── Records for this task ──
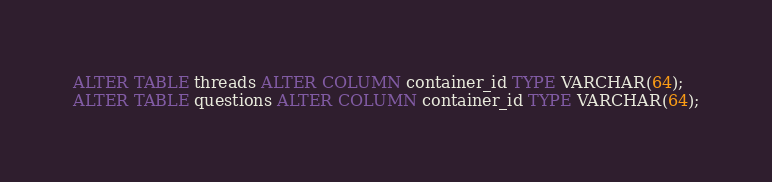Convert code to text. <code><loc_0><loc_0><loc_500><loc_500><_SQL_>ALTER TABLE threads ALTER COLUMN container_id TYPE VARCHAR(64);
ALTER TABLE questions ALTER COLUMN container_id TYPE VARCHAR(64);</code> 
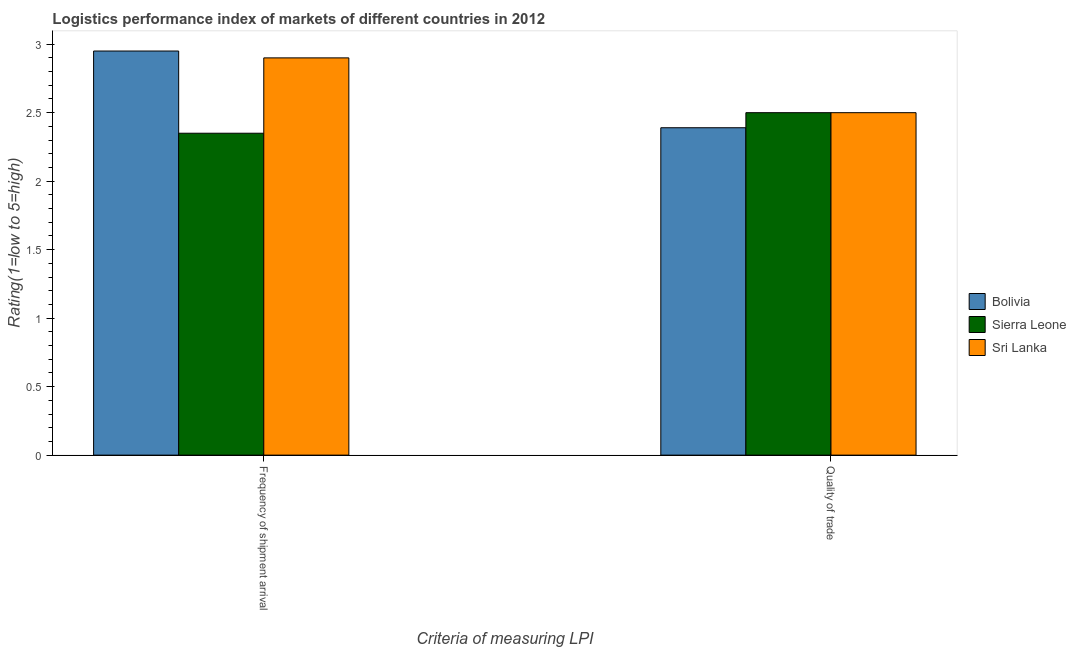How many groups of bars are there?
Provide a short and direct response. 2. Are the number of bars per tick equal to the number of legend labels?
Ensure brevity in your answer.  Yes. Are the number of bars on each tick of the X-axis equal?
Give a very brief answer. Yes. How many bars are there on the 2nd tick from the right?
Offer a terse response. 3. What is the label of the 1st group of bars from the left?
Offer a terse response. Frequency of shipment arrival. What is the lpi quality of trade in Sri Lanka?
Offer a very short reply. 2.5. Across all countries, what is the minimum lpi quality of trade?
Provide a short and direct response. 2.39. In which country was the lpi quality of trade maximum?
Give a very brief answer. Sierra Leone. In which country was the lpi quality of trade minimum?
Offer a terse response. Bolivia. What is the total lpi quality of trade in the graph?
Ensure brevity in your answer.  7.39. What is the difference between the lpi quality of trade in Bolivia and the lpi of frequency of shipment arrival in Sierra Leone?
Your response must be concise. 0.04. What is the average lpi quality of trade per country?
Give a very brief answer. 2.46. What is the difference between the lpi quality of trade and lpi of frequency of shipment arrival in Sierra Leone?
Your answer should be very brief. 0.15. What is the ratio of the lpi quality of trade in Bolivia to that in Sri Lanka?
Offer a terse response. 0.96. What does the 2nd bar from the left in Quality of trade represents?
Keep it short and to the point. Sierra Leone. What does the 2nd bar from the right in Frequency of shipment arrival represents?
Ensure brevity in your answer.  Sierra Leone. How many bars are there?
Offer a terse response. 6. Are all the bars in the graph horizontal?
Give a very brief answer. No. Does the graph contain grids?
Make the answer very short. No. Where does the legend appear in the graph?
Offer a terse response. Center right. What is the title of the graph?
Keep it short and to the point. Logistics performance index of markets of different countries in 2012. What is the label or title of the X-axis?
Ensure brevity in your answer.  Criteria of measuring LPI. What is the label or title of the Y-axis?
Your response must be concise. Rating(1=low to 5=high). What is the Rating(1=low to 5=high) in Bolivia in Frequency of shipment arrival?
Your answer should be very brief. 2.95. What is the Rating(1=low to 5=high) in Sierra Leone in Frequency of shipment arrival?
Ensure brevity in your answer.  2.35. What is the Rating(1=low to 5=high) in Bolivia in Quality of trade?
Give a very brief answer. 2.39. Across all Criteria of measuring LPI, what is the maximum Rating(1=low to 5=high) in Bolivia?
Ensure brevity in your answer.  2.95. Across all Criteria of measuring LPI, what is the maximum Rating(1=low to 5=high) in Sri Lanka?
Ensure brevity in your answer.  2.9. Across all Criteria of measuring LPI, what is the minimum Rating(1=low to 5=high) in Bolivia?
Your answer should be very brief. 2.39. Across all Criteria of measuring LPI, what is the minimum Rating(1=low to 5=high) in Sierra Leone?
Offer a very short reply. 2.35. What is the total Rating(1=low to 5=high) in Bolivia in the graph?
Provide a short and direct response. 5.34. What is the total Rating(1=low to 5=high) of Sierra Leone in the graph?
Offer a very short reply. 4.85. What is the difference between the Rating(1=low to 5=high) of Bolivia in Frequency of shipment arrival and that in Quality of trade?
Keep it short and to the point. 0.56. What is the difference between the Rating(1=low to 5=high) of Sierra Leone in Frequency of shipment arrival and that in Quality of trade?
Your response must be concise. -0.15. What is the difference between the Rating(1=low to 5=high) of Bolivia in Frequency of shipment arrival and the Rating(1=low to 5=high) of Sierra Leone in Quality of trade?
Offer a terse response. 0.45. What is the difference between the Rating(1=low to 5=high) of Bolivia in Frequency of shipment arrival and the Rating(1=low to 5=high) of Sri Lanka in Quality of trade?
Ensure brevity in your answer.  0.45. What is the average Rating(1=low to 5=high) of Bolivia per Criteria of measuring LPI?
Provide a succinct answer. 2.67. What is the average Rating(1=low to 5=high) of Sierra Leone per Criteria of measuring LPI?
Your response must be concise. 2.42. What is the difference between the Rating(1=low to 5=high) in Bolivia and Rating(1=low to 5=high) in Sierra Leone in Frequency of shipment arrival?
Provide a succinct answer. 0.6. What is the difference between the Rating(1=low to 5=high) in Sierra Leone and Rating(1=low to 5=high) in Sri Lanka in Frequency of shipment arrival?
Your response must be concise. -0.55. What is the difference between the Rating(1=low to 5=high) of Bolivia and Rating(1=low to 5=high) of Sierra Leone in Quality of trade?
Offer a terse response. -0.11. What is the difference between the Rating(1=low to 5=high) in Bolivia and Rating(1=low to 5=high) in Sri Lanka in Quality of trade?
Offer a terse response. -0.11. What is the ratio of the Rating(1=low to 5=high) in Bolivia in Frequency of shipment arrival to that in Quality of trade?
Provide a succinct answer. 1.23. What is the ratio of the Rating(1=low to 5=high) in Sierra Leone in Frequency of shipment arrival to that in Quality of trade?
Ensure brevity in your answer.  0.94. What is the ratio of the Rating(1=low to 5=high) in Sri Lanka in Frequency of shipment arrival to that in Quality of trade?
Your answer should be compact. 1.16. What is the difference between the highest and the second highest Rating(1=low to 5=high) of Bolivia?
Make the answer very short. 0.56. What is the difference between the highest and the second highest Rating(1=low to 5=high) of Sri Lanka?
Keep it short and to the point. 0.4. What is the difference between the highest and the lowest Rating(1=low to 5=high) in Bolivia?
Make the answer very short. 0.56. What is the difference between the highest and the lowest Rating(1=low to 5=high) of Sierra Leone?
Offer a terse response. 0.15. What is the difference between the highest and the lowest Rating(1=low to 5=high) of Sri Lanka?
Give a very brief answer. 0.4. 
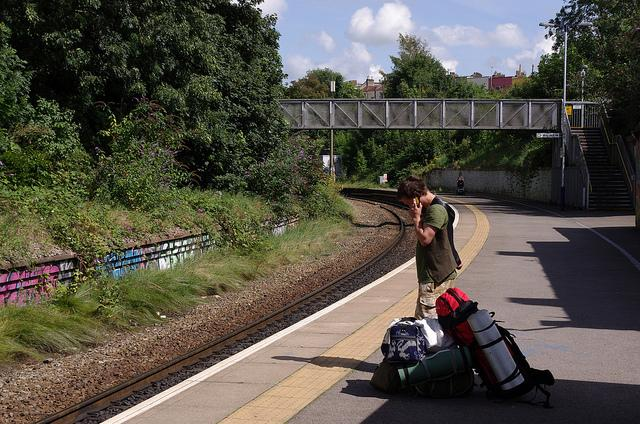If you had to cross to the other side how would you do it? walk 
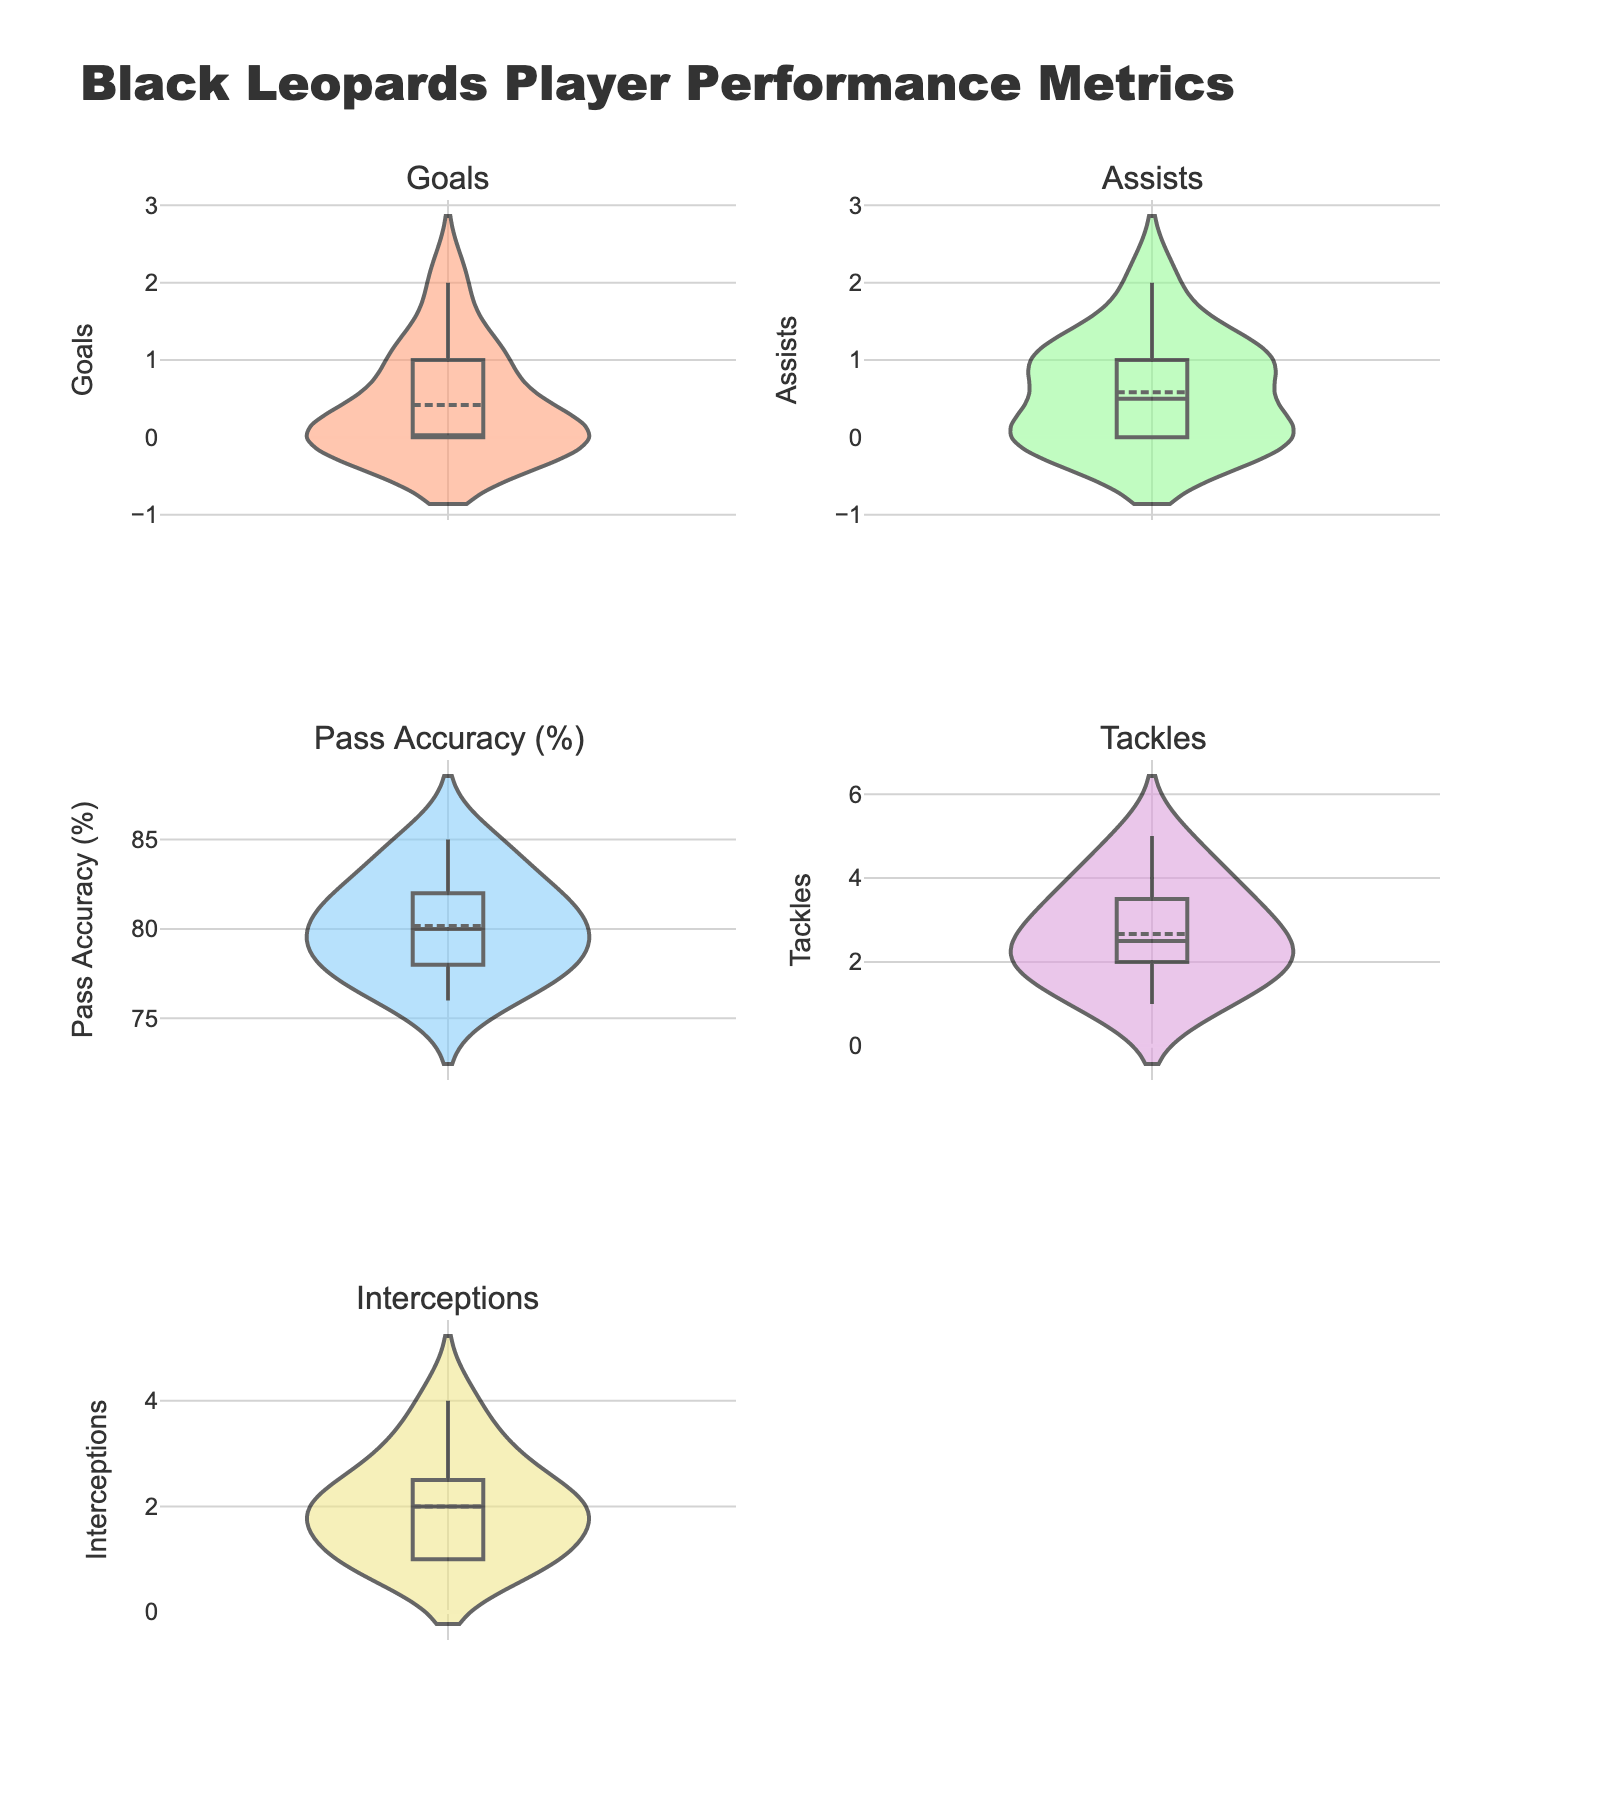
───
● Exercise prompt
Reproduce exactly the stretch of the material above that starts at the line with "Keep it short and to the point. Sierra" and ends at the line with "Keep it short and to the point. Logistics", both included, and nothing else.

● Response to this exercise
Keep it short and to the point. Sierra Leone. What does the 2nd bar from the right in Frequency of shipment arrival represents?
Ensure brevity in your answer.  Sierra Leone. How many bars are there?
Offer a terse response. 6. Are all the bars in the graph horizontal?
Give a very brief answer. No. Does the graph contain grids?
Make the answer very short. No. Where does the legend appear in the graph?
Offer a terse response. Center right. What is the title of the graph?
Keep it short and to the point. Logistics performance index of markets of different countries in 2012. What is the label or title of the X-axis?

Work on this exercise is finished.